How do Bitter magnets work (compared to a standard wound coil)? How does a Bitter magnet differ in its construction from a simple wound coil magnet?
A Bitter magnet is made from a stack of plates with holes in a helical arrangement separated by insulators.
The idea is to get a helical flow of current so similar to a coil.
Each plate acts as roughly a single turn carrying a massive current but the current flow is apparently non-linear.
So this must result in some changes to the simplified solenoid equations normally used. What are they?
Superconducting magnets do not seem to be based on the Bitter design.
Why not? Couldn't the plates be made of superconductors instead of conductors? Is there a requirement for them to have some resistance?
Or is it simply that plates are need to hold a massive current in a resistor and not in a superconductor, which seems like the obvious conclusion.
See https://www.ru.nl/hfml/research/levitation/diamagnetic-levitation/bitter-solenoid/
I also note (slightly off-topic) that because these are made of plates rather than windings they look much easier to construct and ripe for mass production yet the opposite seems true https://www.youtube.com/watch?v=tBz6jVC-Gg4
There is surely no shortage of demand given applications like NMR imaging.
What am I missing?
There was a similar question here:
How to design a Bitter electromagnet?
It was closed as being about the design. I think this was wrong as you need to understand the physical principles involved in order to construct one.
 A: The short answer is that electromagnets are limited in the total field they can create by overheating. Overheating is dealt with by cooling. You can flow water over the outside of coils to cool them, but then they get hot in the middle and melt. For traditional wire-wound electromagnets you can use hollow wire and flow chilled water at high pressure to cool the electromagnets. This has a few problems. 1) for long wires, the water may have heated up substantially by the time it reaches the end of the electromagnet so it doesn't cool as efficiently. 2) high pressure is required to flow water at high velocity for efficient cooling. 3) A blockage, which is likely in the narrow piping, bricks the entire electromagnet.
Bitter coils get around these problems. The idea with bitter coils is to have a way to flow water in a way such that it flows through all of the volume of the coils (so that there are no hot pockets), but it never has to flow a very long path before returning (so you don't have pressure problems). You want cooling water current which is massively parallel through the coils despite electric current being serial.
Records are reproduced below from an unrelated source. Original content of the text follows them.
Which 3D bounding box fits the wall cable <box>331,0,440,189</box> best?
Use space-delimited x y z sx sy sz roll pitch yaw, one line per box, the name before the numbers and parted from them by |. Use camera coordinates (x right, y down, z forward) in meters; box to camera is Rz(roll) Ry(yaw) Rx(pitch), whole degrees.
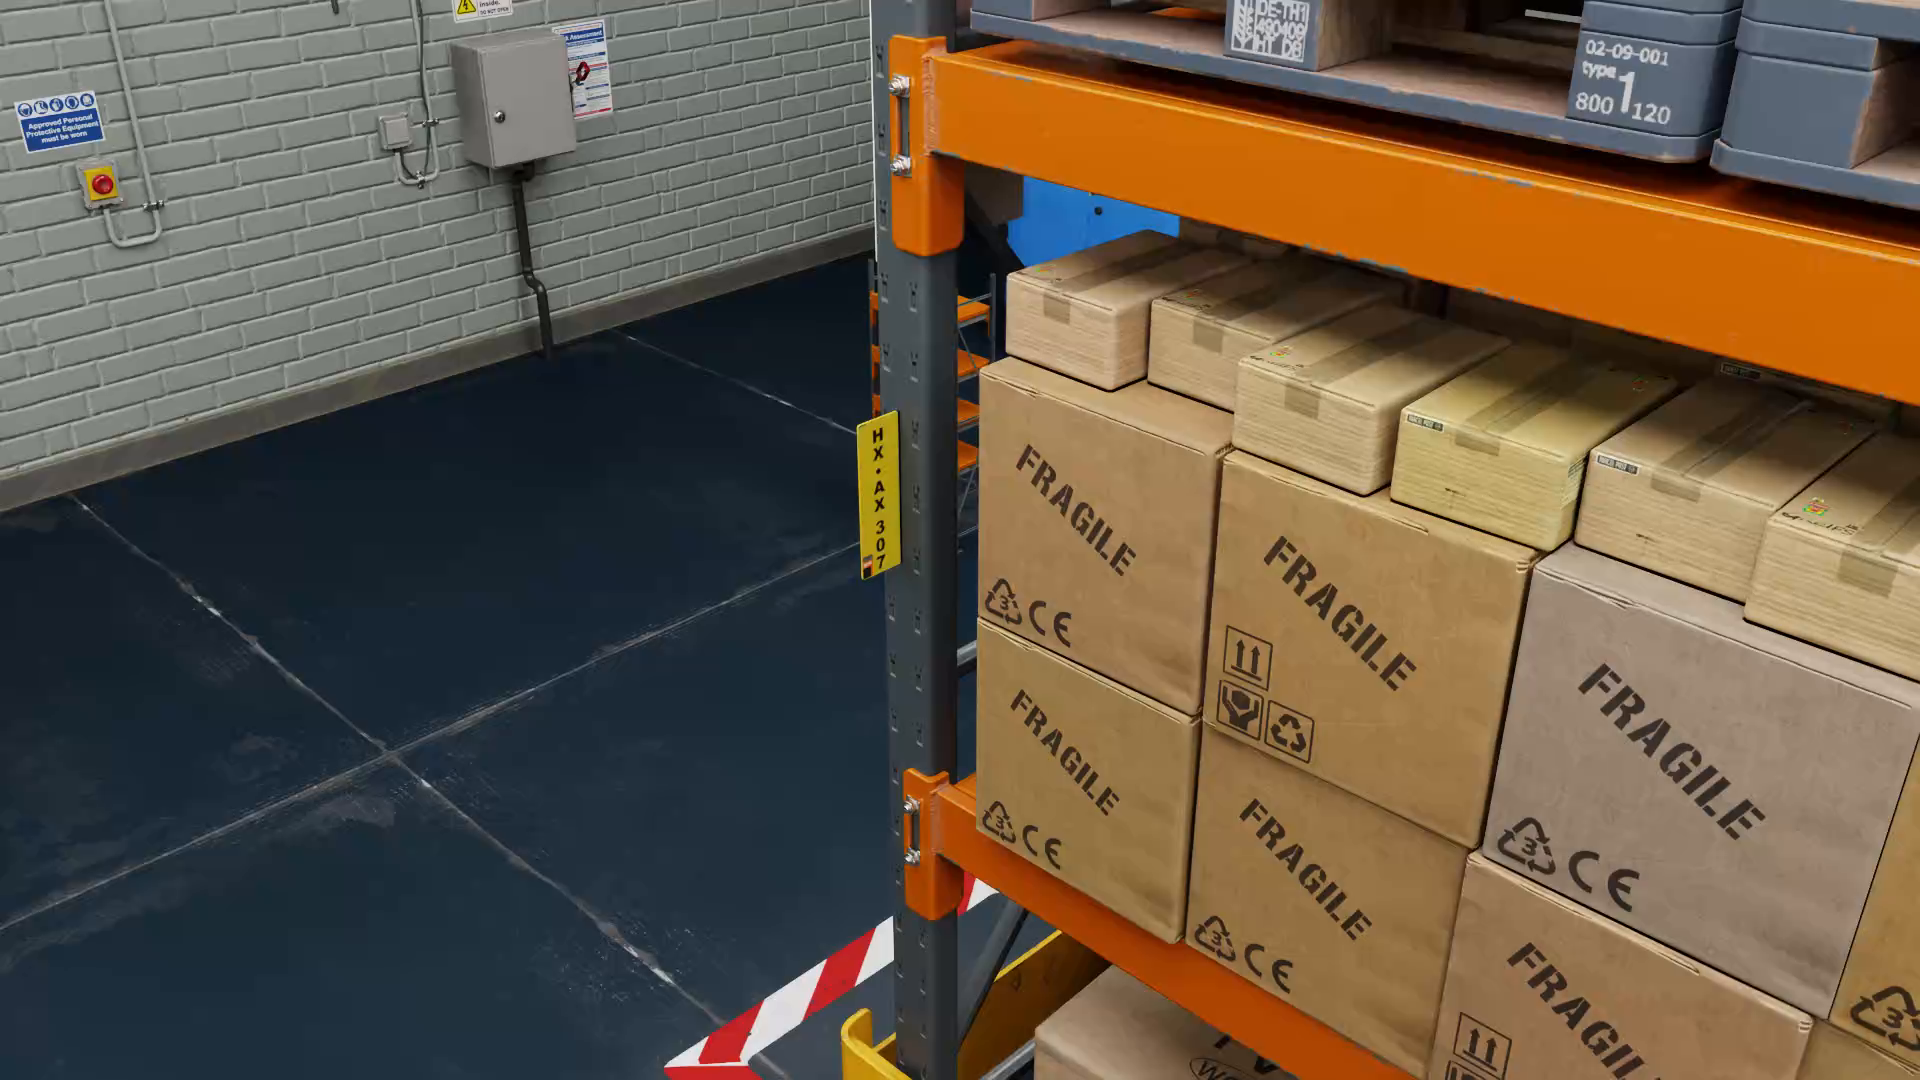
wall cable | -2.811 -2.603 7.886 0.122 1.984 0.588 25 36 38

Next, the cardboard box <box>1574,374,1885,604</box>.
cardboard box | 1.065 -0.080 2.301 0.380 0.149 0.250 -25 37 -39

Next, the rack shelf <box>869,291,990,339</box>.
rack shelf | -0.118 -0.933 6.891 0.480 0.148 0.258 25 36 38

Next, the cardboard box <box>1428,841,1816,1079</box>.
cardboard box | 1.111 0.689 2.610 0.500 0.500 0.500 24 36 38

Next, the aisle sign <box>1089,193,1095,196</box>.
aisle sign | 0.406 -1.124 3.371 0.004 0.787 0.394 25 36 38

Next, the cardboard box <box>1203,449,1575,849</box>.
cardboard box | 0.756 0.084 2.686 0.500 0.500 0.500 23 36 37

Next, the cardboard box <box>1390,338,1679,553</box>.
cardboard box | 0.841 -0.148 2.430 0.250 0.149 0.380 23 36 37

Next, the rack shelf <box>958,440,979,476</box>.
rack shelf | -0.118 -0.350 7.197 0.480 0.148 0.258 25 36 38

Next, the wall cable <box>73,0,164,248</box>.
wall cable | -3.797 -2.142 6.976 0.123 1.953 0.585 25 36 38

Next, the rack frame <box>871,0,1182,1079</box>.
rack frame | 0.240 0.153 3.736 0.127 3.000 1.000 25 36 38

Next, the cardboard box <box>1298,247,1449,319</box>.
cardboard box | 0.834 -0.495 3.090 0.380 0.149 0.250 -25 36 -38

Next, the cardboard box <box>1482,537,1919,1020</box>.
cardboard box | 1.128 0.249 2.371 0.500 0.500 0.500 24 36 38

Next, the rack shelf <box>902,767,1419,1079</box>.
rack shelf | 1.666 1.124 2.662 4.000 0.370 1.077 25 36 38

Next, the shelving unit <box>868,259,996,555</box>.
shelving unit | -0.118 -0.585 7.073 0.503 1.200 0.258 25 36 38

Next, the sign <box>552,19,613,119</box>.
sign | -2.022 -2.518 8.917 0.001 0.494 0.329 25 36 38

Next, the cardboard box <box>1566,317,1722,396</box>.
cardboard box | 1.228 -0.343 2.801 0.380 0.149 0.250 -24 36 -38

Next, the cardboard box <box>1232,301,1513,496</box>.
cardboard box | 0.641 -0.228 2.582 0.380 0.149 0.250 -24 36 -38

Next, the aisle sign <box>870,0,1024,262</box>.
aisle sign | -0.015 -0.925 2.992 0.004 0.787 0.394 25 36 38

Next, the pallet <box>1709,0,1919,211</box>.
pallet | 1.650 -0.498 1.847 1.213 0.211 1.003 25 36 38

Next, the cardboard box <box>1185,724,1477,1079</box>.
cardboard box | 0.761 0.517 2.937 0.500 0.500 0.500 24 36 38

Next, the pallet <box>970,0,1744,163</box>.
pallet | 0.776 -0.897 2.604 1.213 0.211 1.003 25 36 38

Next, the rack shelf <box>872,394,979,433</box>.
rack shelf | -0.118 -0.526 7.105 0.480 0.148 0.258 25 36 38

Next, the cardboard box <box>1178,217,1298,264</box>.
cardboard box | 0.636 -0.570 3.232 0.380 0.149 0.250 -25 36 -39

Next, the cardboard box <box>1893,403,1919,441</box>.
cardboard box | 1.584 -0.172 2.475 0.380 0.149 0.250 -24 36 -38

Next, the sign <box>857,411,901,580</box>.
sign | -0.154 -0.083 3.169 0.005 0.325 0.100 25 36 38

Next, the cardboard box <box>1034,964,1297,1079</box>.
cardboard box | 0.781 1.284 3.888 0.875 0.438 0.875 23 36 37

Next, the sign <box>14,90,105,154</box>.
sign | -3.875 -1.802 7.164 0.001 0.218 0.327 25 36 38

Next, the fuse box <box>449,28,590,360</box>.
fuse box | -2.221 -1.758 8.755 0.414 1.711 0.539 25 36 38

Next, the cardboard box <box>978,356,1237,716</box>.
cardboard box | 0.382 -0.082 3.002 0.500 0.500 0.500 24 36 37

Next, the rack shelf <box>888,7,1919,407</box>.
rack shelf | 1.666 -0.203 1.964 4.000 0.370 1.077 25 36 38

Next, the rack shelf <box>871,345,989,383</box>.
rack shelf | -0.118 -0.724 7.001 0.480 0.148 0.258 25 36 38

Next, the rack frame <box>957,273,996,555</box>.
rack frame | 0.056 -0.505 6.922 0.015 1.200 0.240 25 36 38

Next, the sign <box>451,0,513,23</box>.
sign | -2.407 -2.743 8.356 0.001 0.242 0.339 25 36 38

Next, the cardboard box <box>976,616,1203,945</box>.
cardboard box | 0.381 0.361 3.233 0.500 0.500 0.500 24 36 38

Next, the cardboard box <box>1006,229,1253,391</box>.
cardboard box | 0.299 -0.413 2.934 0.380 0.149 0.250 -24 36 -38

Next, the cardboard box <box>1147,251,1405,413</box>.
cardboard box | 0.536 -0.351 2.816 0.380 0.149 0.250 -24 36 -38

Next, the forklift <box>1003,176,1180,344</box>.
forklift | 1.414 -2.802 9.429 1.130 2.935 3.031 15 31 26

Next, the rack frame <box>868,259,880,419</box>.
rack frame | -0.292 -0.665 7.225 0.015 1.200 0.240 25 36 38

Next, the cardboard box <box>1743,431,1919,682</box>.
cardboard box | 1.214 0.015 2.119 0.380 0.149 0.250 -25 37 -39

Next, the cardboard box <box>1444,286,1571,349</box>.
cardboard box | 1.077 -0.439 2.983 0.250 0.149 0.380 24 36 38

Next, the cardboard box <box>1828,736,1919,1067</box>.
cardboard box | 1.485 0.412 2.062 0.500 0.500 0.500 25 37 39

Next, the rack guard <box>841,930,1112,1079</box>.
rack guard | 0.223 1.252 4.332 0.348 0.500 1.175 25 36 38

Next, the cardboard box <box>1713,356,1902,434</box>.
cardboard box | 1.365 -0.234 2.594 0.250 0.149 0.380 24 36 38

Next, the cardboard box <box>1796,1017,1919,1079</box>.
cardboard box | 1.480 0.847 2.310 0.500 0.500 0.500 -24 36 -38

Image from https://arxiv.org/abs/1309.5330. We see water flows in some holes and other others and current flows in a spiral along the sheets.
Why are they designed and manufactured with these sheets? That is just the easiest way to get the appropriate pattern of conductors and insulators so that electrical and water currents flow in the right patterns. It could equivalently be made with additive manufacturing techniques such as 3D printing and sintering but this would probably be much more difficult.
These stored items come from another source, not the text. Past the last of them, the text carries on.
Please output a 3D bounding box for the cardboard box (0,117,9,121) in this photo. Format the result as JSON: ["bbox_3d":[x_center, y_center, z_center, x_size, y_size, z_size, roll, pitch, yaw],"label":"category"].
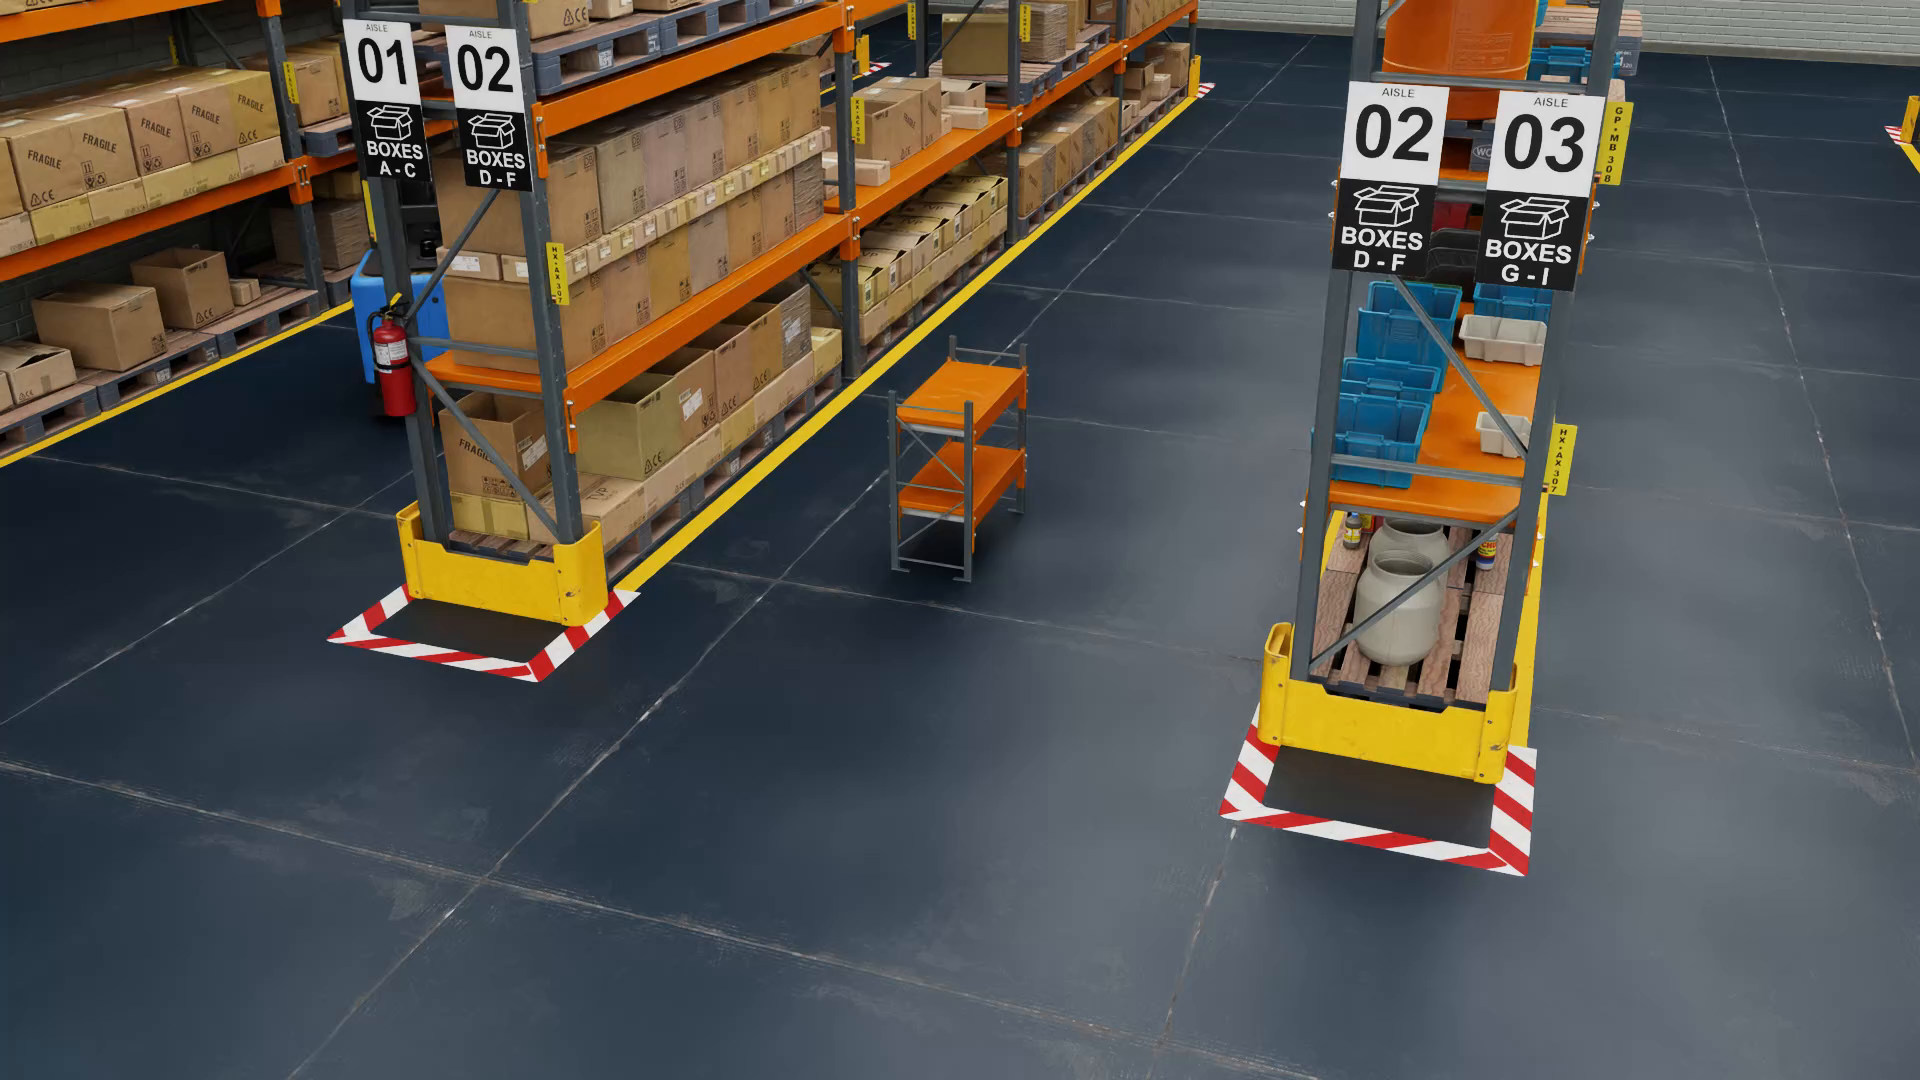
[{"bbox_3d":[-6.960,-2.664,11.598,0.500,0.500,0.500,8,27,16],"label":"cardboard box"}]

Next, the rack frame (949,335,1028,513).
[{"bbox_3d":[0.171,-0.718,10.442,0.500,1.125,0.032,9,27,17],"label":"rack frame"}]

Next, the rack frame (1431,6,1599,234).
[{"bbox_3d":[3.412,-1.949,10.833,1.000,3.000,0.127,9,27,17],"label":"rack frame"}]

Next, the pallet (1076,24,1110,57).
[{"bbox_3d":[1.036,-5.557,18.506,1.003,0.211,1.213,9,27,17],"label":"pallet"}]

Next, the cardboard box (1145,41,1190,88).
[{"bbox_3d":[2.787,-6.414,22.419,0.500,0.500,0.500,9,27,17],"label":"cardboard box"}]

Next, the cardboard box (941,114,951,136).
[{"bbox_3d":[-0.298,-3.667,14.670,0.380,0.149,0.250,11,28,21],"label":"cardboard box"}]

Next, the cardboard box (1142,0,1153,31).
[{"bbox_3d":[1.999,-6.382,19.875,0.500,0.500,0.500,9,27,18],"label":"cardboard box"}]

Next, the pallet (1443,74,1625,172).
[{"bbox_3d":[2.449,-1.896,7.498,1.003,0.211,1.213,9,27,17],"label":"pallet"}]

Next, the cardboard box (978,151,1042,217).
[{"bbox_3d":[0.495,-3.531,16.464,0.500,0.500,0.500,10,28,20],"label":"cardboard box"}]

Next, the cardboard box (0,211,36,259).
[{"bbox_3d":[-6.640,-2.053,11.198,0.500,0.250,0.500,8,27,16],"label":"cardboard box"}]

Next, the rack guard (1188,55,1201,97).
[{"bbox_3d":[2.710,-6.444,22.985,1.175,0.500,0.348,9,27,17],"label":"rack guard"}]

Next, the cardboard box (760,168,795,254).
[{"bbox_3d":[-1.569,-2.313,11.470,0.700,0.500,0.500,8,27,17],"label":"cardboard box"}]

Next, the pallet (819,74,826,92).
[{"bbox_3d":[-2.537,-6.222,22.859,1.003,0.211,1.213,9,27,17],"label":"pallet"}]

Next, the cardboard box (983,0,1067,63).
[{"bbox_3d":[0.661,-5.170,16.889,0.700,0.500,0.500,14,29,27],"label":"cardboard box"}]

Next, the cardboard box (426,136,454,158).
[{"bbox_3d":[-5.205,-3.699,15.951,0.500,0.250,0.500,9,27,17],"label":"cardboard box"}]

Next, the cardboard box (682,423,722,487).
[{"bbox_3d":[-1.871,-0.576,10.671,0.500,0.250,0.500,9,27,17],"label":"cardboard box"}]

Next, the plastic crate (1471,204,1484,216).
[{"bbox_3d":[3.726,-2.610,12.442,0.450,0.188,0.662,9,27,17],"label":"plastic crate"}]

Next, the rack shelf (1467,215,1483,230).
[{"bbox_3d":[4.078,-2.447,12.687,1.077,0.370,4.000,9,27,17],"label":"rack shelf"}]

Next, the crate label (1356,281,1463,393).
[{"bbox_3d":[2.439,-1.117,9.074,0.502,0.435,0.616,9,27,17],"label":"crate label"}]

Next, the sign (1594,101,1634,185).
[{"bbox_3d":[2.598,-1.578,6.614,0.100,0.325,0.005,9,27,17],"label":"sign"}]

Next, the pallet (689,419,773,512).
[{"bbox_3d":[-1.966,-0.590,11.226,1.003,0.211,1.213,9,27,17],"label":"pallet"}]

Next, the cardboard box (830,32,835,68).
[{"bbox_3d":[-2.076,-7.079,23.815,0.700,0.500,0.500,9,27,17],"label":"cardboard box"}]

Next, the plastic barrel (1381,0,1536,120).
[{"bbox_3d":[2.123,-2.256,7.050,0.600,0.830,0.708,9,27,17],"label":"plastic barrel"}]

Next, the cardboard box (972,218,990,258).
[{"bbox_3d":[-0.040,-2.800,15.264,0.500,0.250,0.500,8,27,17],"label":"cardboard box"}]

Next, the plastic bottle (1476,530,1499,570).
[{"bbox_3d":[2.978,0.025,9.382,0.097,0.271,0.097,0,26,0],"label":"plastic bottle"}]

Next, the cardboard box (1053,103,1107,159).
[{"bbox_3d":[1.338,-4.583,18.637,0.500,0.500,0.500,9,27,18],"label":"cardboard box"}]

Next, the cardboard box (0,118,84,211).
[{"bbox_3d":[-6.467,-2.586,11.439,0.500,0.500,0.500,8,27,16],"label":"cardboard box"}]

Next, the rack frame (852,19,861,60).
[{"bbox_3d":[-1.937,-8.317,23.985,1.000,3.000,0.127,9,27,17],"label":"rack frame"}]

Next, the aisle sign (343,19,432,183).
[{"bbox_3d":[-2.887,-2.211,8.391,0.394,0.787,0.004,9,27,17],"label":"aisle sign"}]

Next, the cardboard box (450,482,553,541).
[{"bbox_3d":[-2.689,-0.240,9.976,0.500,0.250,0.500,9,27,17],"label":"cardboard box"}]

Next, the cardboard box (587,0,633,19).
[{"bbox_3d":[-2.031,-2.972,9.150,0.380,0.149,0.250,9,27,17],"label":"cardboard box"}]

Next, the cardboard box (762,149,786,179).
[{"bbox_3d":[-1.401,-2.546,11.206,0.380,0.149,0.250,9,27,17],"label":"cardboard box"}]

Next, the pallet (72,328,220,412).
[{"bbox_3d":[-6.525,-1.346,12.788,1.003,0.211,1.213,9,27,17],"label":"pallet"}]

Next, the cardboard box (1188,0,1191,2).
[{"bbox_3d":[2.843,-7.422,22.021,0.500,0.500,0.500,10,27,19],"label":"cardboard box"}]

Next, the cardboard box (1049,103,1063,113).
[{"bbox_3d":[0.847,-4.645,18.765,0.500,0.500,0.500,9,27,18],"label":"cardboard box"}]

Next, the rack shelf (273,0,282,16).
[{"bbox_3d":[-5.265,-5.234,15.001,1.077,0.370,4.000,9,27,17],"label":"rack shelf"}]

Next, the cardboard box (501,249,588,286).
[{"bbox_3d":[-2.255,-1.492,9.030,0.380,0.149,0.250,9,27,17],"label":"cardboard box"}]

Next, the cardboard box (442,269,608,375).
[{"bbox_3d":[-2.421,-1.260,9.295,0.700,0.500,0.500,9,27,17],"label":"cardboard box"}]

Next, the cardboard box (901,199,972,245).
[{"bbox_3d":[-0.206,-2.844,14.711,0.500,0.311,0.500,9,27,17],"label":"cardboard box"}]

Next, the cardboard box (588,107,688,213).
[{"bbox_3d":[-2.067,-2.290,9.934,0.700,0.500,0.500,9,27,18],"label":"cardboard box"}]

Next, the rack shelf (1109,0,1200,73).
[{"bbox_3d":[2.070,-6.454,20.964,1.077,0.370,4.000,9,27,17],"label":"rack shelf"}]

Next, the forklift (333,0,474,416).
[{"bbox_3d":[-3.974,-2.826,12.724,1.130,2.935,3.031,-4,26,-8],"label":"forklift"}]

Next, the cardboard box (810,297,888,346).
[{"bbox_3d":[-0.890,-1.750,13.096,0.500,0.250,0.500,8,27,16],"label":"cardboard box"}]

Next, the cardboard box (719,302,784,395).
[{"bbox_3d":[-1.546,-1.326,11.359,0.500,0.500,0.500,9,27,17],"label":"cardboard box"}]

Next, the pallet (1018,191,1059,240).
[{"bbox_3d":[0.358,-3.359,16.945,1.003,0.211,1.213,9,27,17],"label":"pallet"}]

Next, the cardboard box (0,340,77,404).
[{"bbox_3d":[-6.756,-1.235,11.940,0.500,0.311,0.500,11,28,22],"label":"cardboard box"}]

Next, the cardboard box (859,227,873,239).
[{"bbox_3d":[-1.058,-2.500,14.001,0.500,0.311,0.500,9,27,17],"label":"cardboard box"}]

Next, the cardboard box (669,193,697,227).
[{"bbox_3d":[-1.828,-2.021,10.124,0.380,0.149,0.250,8,27,17],"label":"cardboard box"}]

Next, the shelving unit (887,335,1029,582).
[{"bbox_3d":[0.002,-0.509,10.011,0.538,1.125,1.048,9,27,17],"label":"shelving unit"}]

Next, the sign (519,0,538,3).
[{"bbox_3d":[-2.067,-2.721,7.892,0.100,0.325,0.005,9,27,17],"label":"sign"}]

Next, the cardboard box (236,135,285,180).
[{"bbox_3d":[-5.802,-3.088,13.336,0.500,0.250,0.500,9,27,18],"label":"cardboard box"}]

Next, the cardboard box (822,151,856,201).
[{"bbox_3d":[-1.135,-2.810,12.783,0.500,0.250,0.500,11,28,21],"label":"cardboard box"}]

Superconducting magnets: Frankly, I know very little about superconducting magnets. What I do know is that superconducting magnets are a little bit of a different beast because, so long as the magnets are cold enough to be superconducting, the current doesn't actually generate any heat because there is zero resistance. I think this changes the design tradeoffs because you don't need to worry about hot pockets appearing within the meat of the electromagnets that you can't cool. And in fact, you may not want to give up precious volume for current to flow in. That said, maybe a bitter design would make it easier to reach and maintain superconducting temperatures in the first place. There could also be an issue with finite resistance occurring at the physical interface between two separate pieces of superconducting material that ruins the design, but this is 100% speculative, I don't know if such an effect is real.